(Source records)
____________

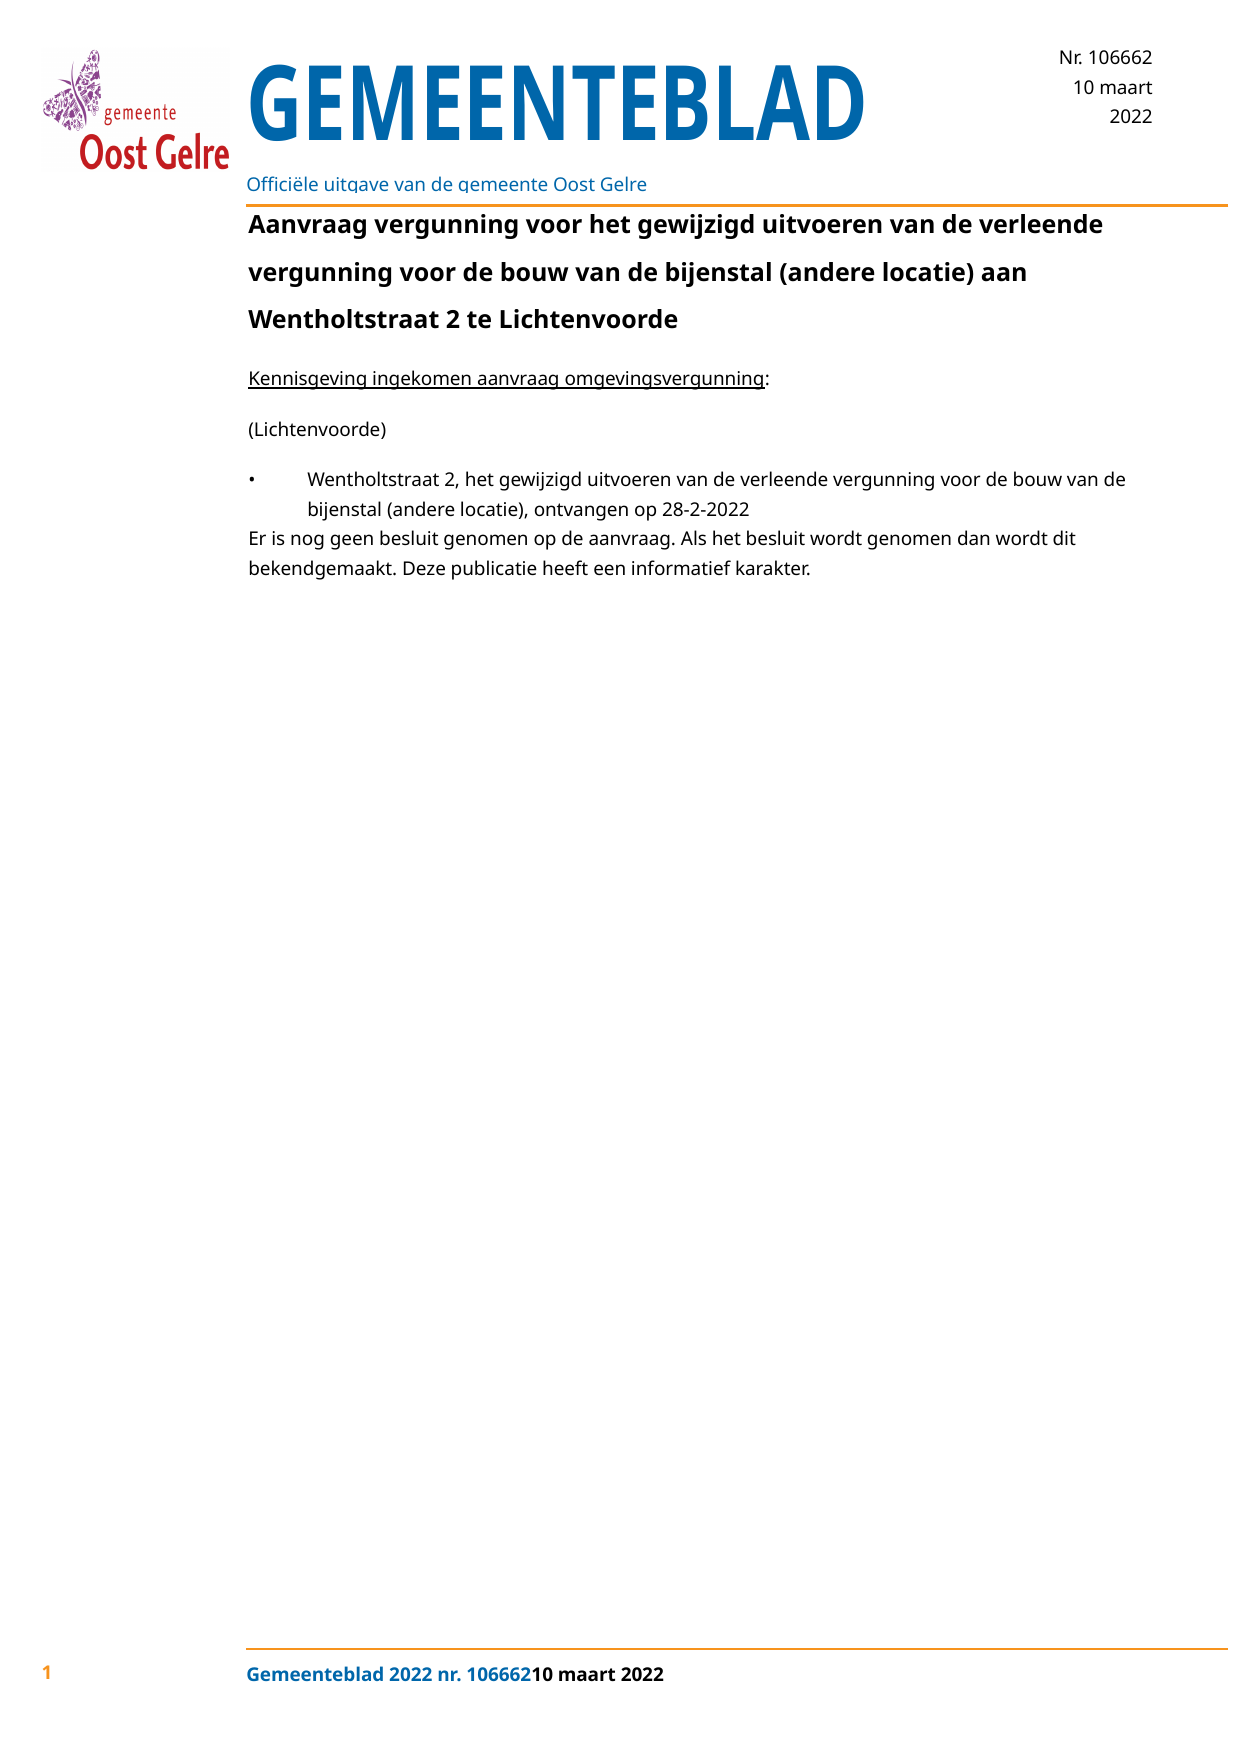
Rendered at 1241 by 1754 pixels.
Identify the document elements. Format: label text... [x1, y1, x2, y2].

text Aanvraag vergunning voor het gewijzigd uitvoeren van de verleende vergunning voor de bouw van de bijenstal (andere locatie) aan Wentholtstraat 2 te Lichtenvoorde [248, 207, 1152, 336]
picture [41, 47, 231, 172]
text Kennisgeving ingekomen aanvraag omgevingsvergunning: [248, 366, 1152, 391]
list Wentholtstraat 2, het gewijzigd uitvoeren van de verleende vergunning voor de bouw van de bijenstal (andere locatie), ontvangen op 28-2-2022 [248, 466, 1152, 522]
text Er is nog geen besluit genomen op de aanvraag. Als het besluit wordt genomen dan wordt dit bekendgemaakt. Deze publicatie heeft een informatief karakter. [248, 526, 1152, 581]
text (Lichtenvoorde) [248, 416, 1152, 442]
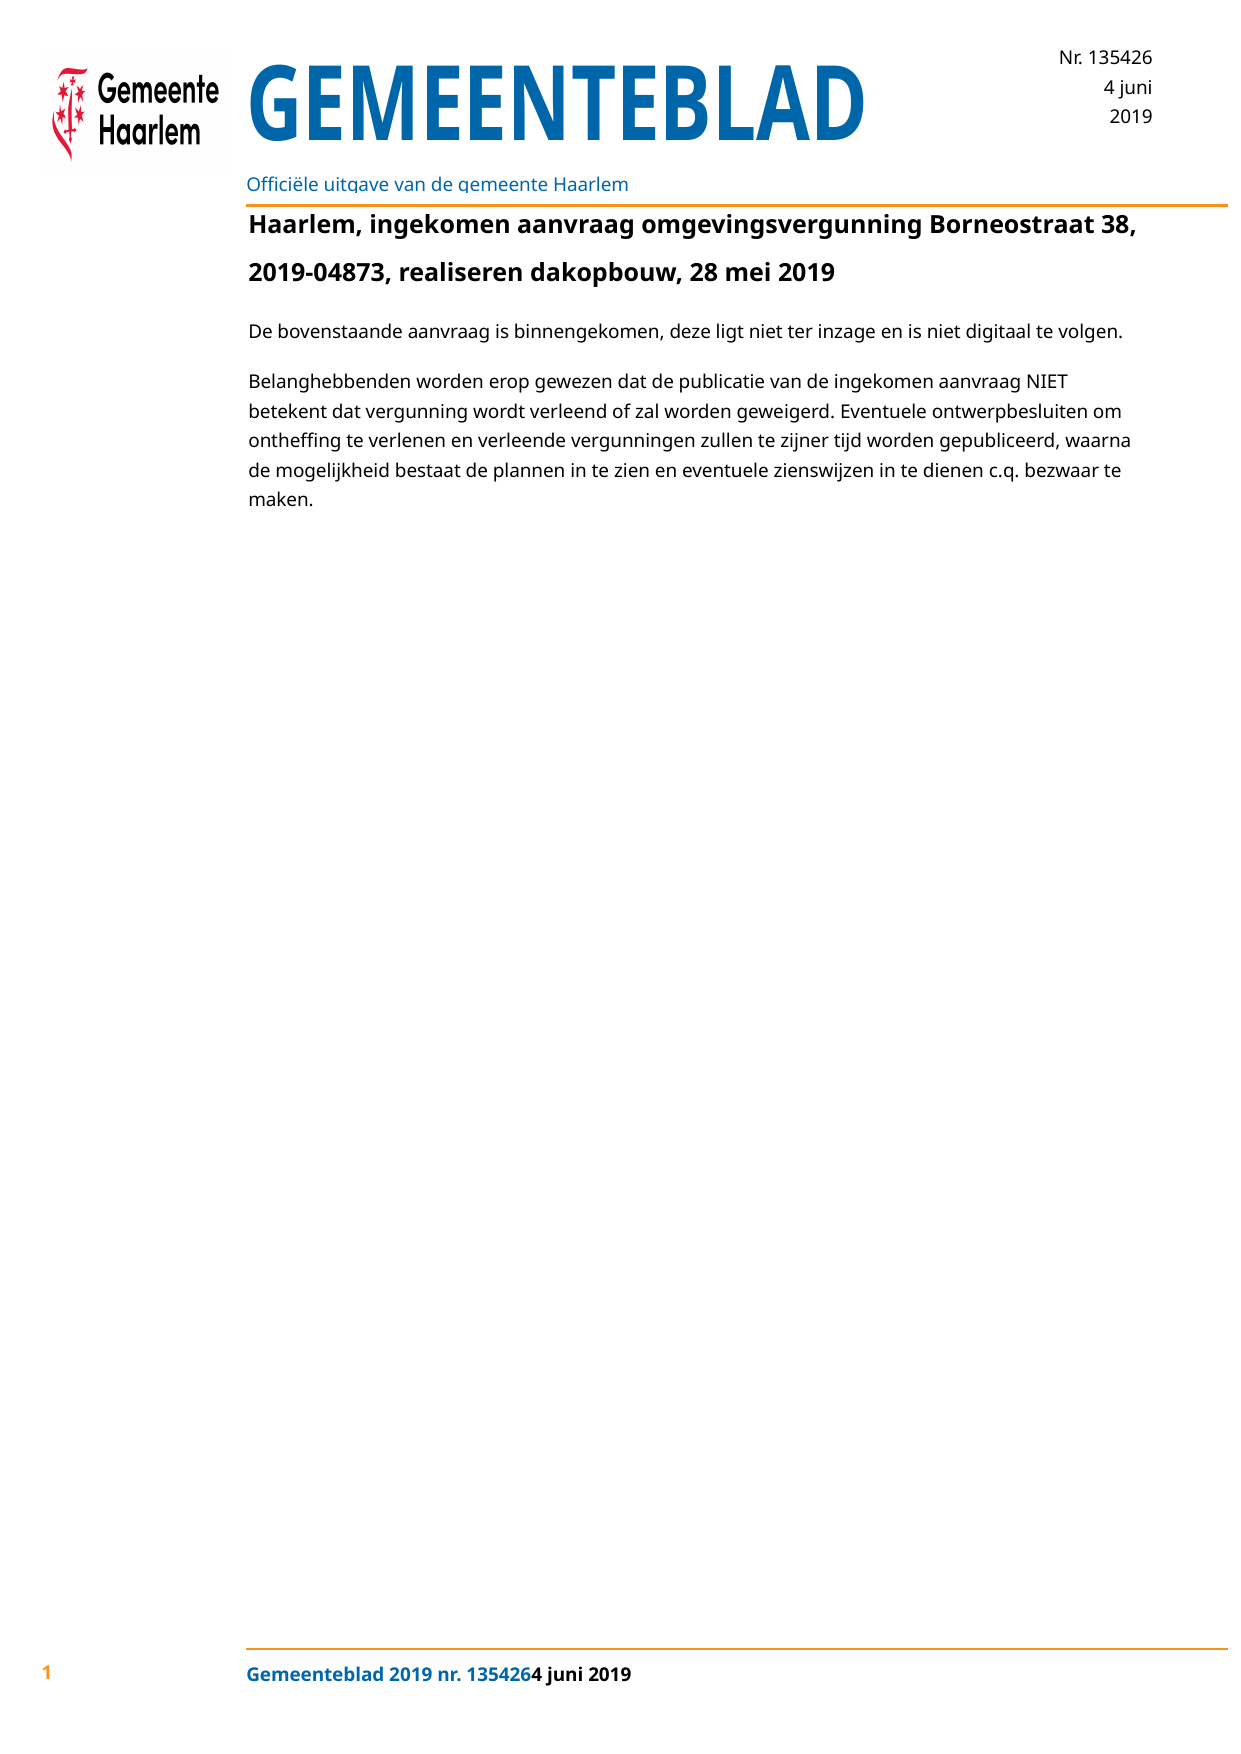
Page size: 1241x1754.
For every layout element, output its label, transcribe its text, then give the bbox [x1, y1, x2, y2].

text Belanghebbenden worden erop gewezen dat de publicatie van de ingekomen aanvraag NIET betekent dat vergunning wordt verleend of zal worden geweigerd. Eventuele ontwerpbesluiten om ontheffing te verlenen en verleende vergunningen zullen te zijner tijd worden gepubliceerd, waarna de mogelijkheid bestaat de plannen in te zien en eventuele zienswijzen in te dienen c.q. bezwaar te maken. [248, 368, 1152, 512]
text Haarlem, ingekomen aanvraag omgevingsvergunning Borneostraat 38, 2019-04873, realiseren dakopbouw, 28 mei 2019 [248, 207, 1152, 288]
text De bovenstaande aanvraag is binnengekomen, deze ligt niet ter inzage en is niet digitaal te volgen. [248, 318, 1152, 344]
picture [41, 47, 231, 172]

____________

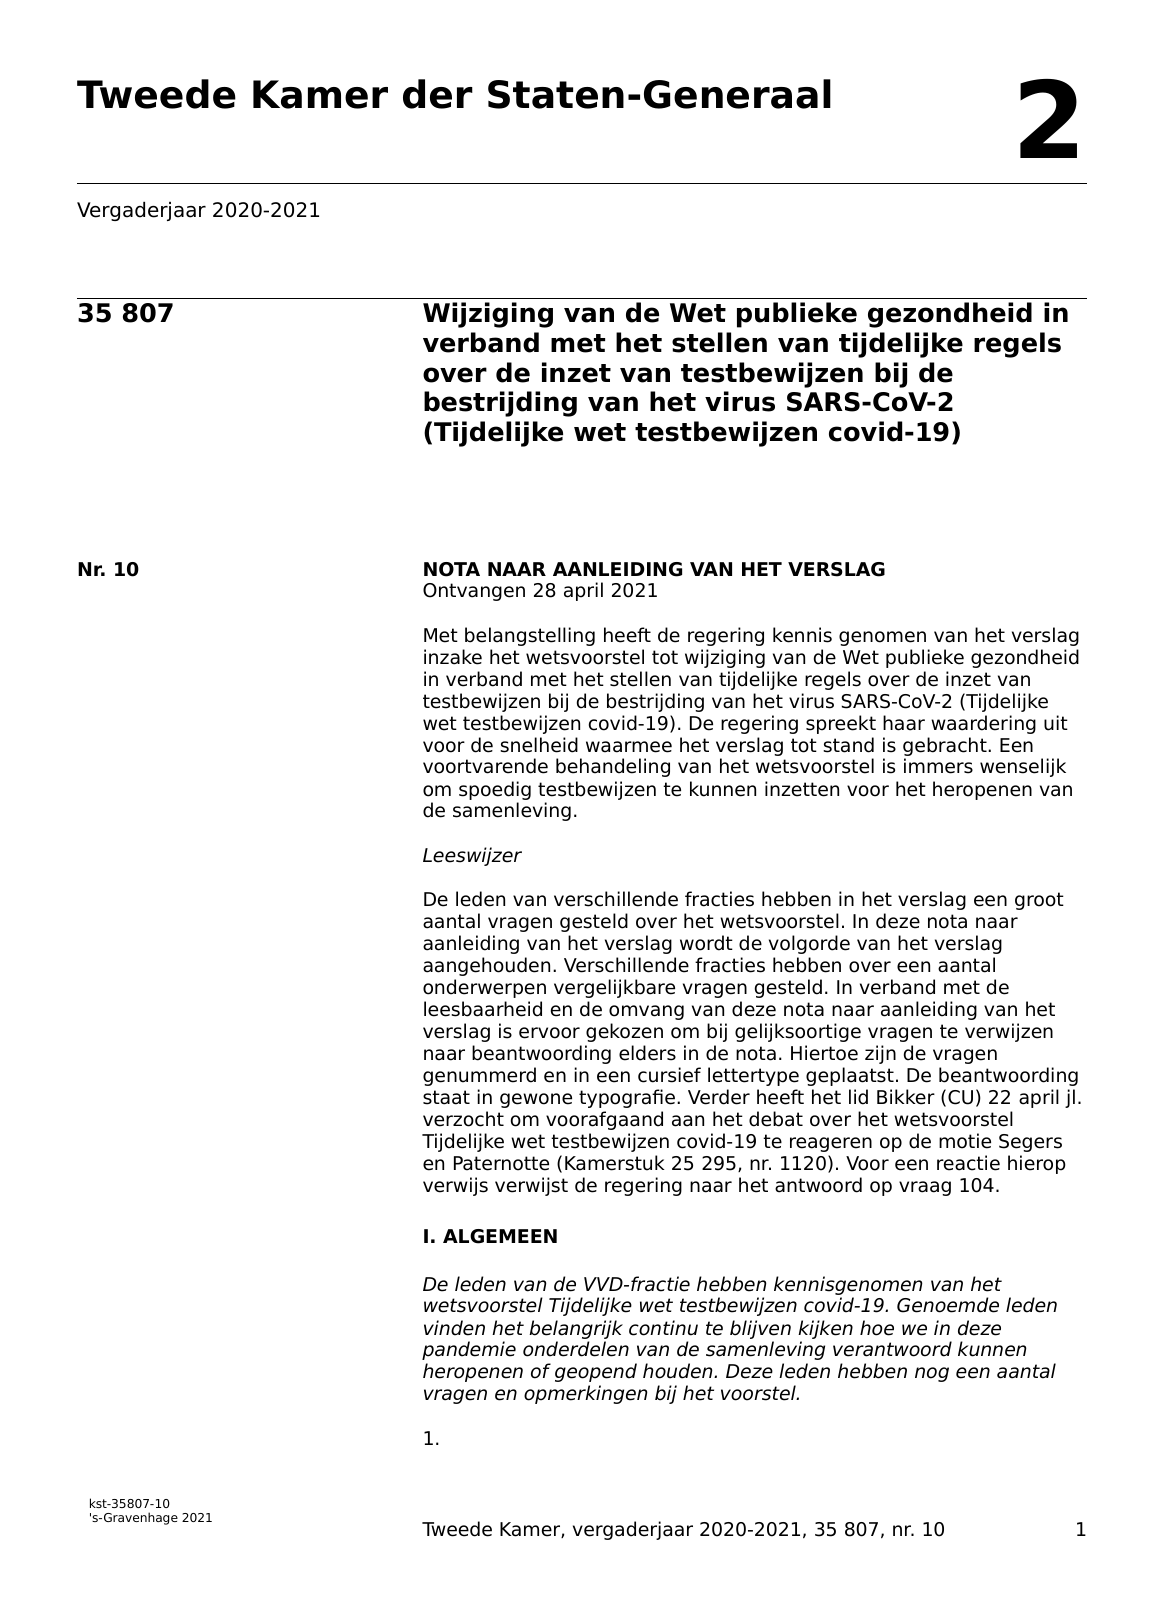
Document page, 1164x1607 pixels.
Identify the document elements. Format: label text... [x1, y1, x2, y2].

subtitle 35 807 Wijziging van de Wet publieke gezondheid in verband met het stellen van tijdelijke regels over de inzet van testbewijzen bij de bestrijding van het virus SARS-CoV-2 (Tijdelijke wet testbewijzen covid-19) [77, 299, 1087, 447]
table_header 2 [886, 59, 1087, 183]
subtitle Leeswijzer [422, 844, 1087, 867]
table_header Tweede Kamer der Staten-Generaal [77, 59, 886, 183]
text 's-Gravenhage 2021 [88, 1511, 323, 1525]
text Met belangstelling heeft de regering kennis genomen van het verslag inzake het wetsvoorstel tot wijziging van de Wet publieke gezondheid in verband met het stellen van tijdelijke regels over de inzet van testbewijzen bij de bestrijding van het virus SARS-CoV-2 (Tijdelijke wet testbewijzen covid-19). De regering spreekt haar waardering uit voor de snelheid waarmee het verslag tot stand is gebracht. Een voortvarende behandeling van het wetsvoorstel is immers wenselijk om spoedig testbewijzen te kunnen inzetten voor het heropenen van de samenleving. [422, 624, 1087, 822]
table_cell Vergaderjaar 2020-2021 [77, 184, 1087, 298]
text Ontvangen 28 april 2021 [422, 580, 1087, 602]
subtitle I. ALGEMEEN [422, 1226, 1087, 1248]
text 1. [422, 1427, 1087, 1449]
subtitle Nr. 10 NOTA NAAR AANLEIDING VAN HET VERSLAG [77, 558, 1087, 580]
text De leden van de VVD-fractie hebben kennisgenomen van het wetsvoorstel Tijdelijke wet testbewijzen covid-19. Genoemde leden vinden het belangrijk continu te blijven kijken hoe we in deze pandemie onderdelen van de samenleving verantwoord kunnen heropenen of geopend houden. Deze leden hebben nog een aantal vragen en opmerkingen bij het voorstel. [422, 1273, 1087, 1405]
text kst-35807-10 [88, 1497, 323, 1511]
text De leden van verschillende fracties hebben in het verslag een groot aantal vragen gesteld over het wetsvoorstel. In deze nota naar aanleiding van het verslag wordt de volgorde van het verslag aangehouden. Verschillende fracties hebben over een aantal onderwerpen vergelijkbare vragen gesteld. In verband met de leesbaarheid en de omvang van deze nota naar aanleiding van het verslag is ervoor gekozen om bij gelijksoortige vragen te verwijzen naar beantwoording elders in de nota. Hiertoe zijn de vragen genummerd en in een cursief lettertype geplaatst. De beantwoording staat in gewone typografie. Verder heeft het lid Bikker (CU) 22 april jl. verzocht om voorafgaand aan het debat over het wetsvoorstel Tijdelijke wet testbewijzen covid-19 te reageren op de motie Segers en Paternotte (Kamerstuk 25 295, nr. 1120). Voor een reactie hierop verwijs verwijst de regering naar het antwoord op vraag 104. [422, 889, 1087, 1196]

____________

## [WHAT TO DO]
The answer must be every line from the records above that contains "pixels".

## [WRITTEN RESPONSE]
Rendered at 1241 by 1754 pixels.
Document page, 1164x1607 pixels.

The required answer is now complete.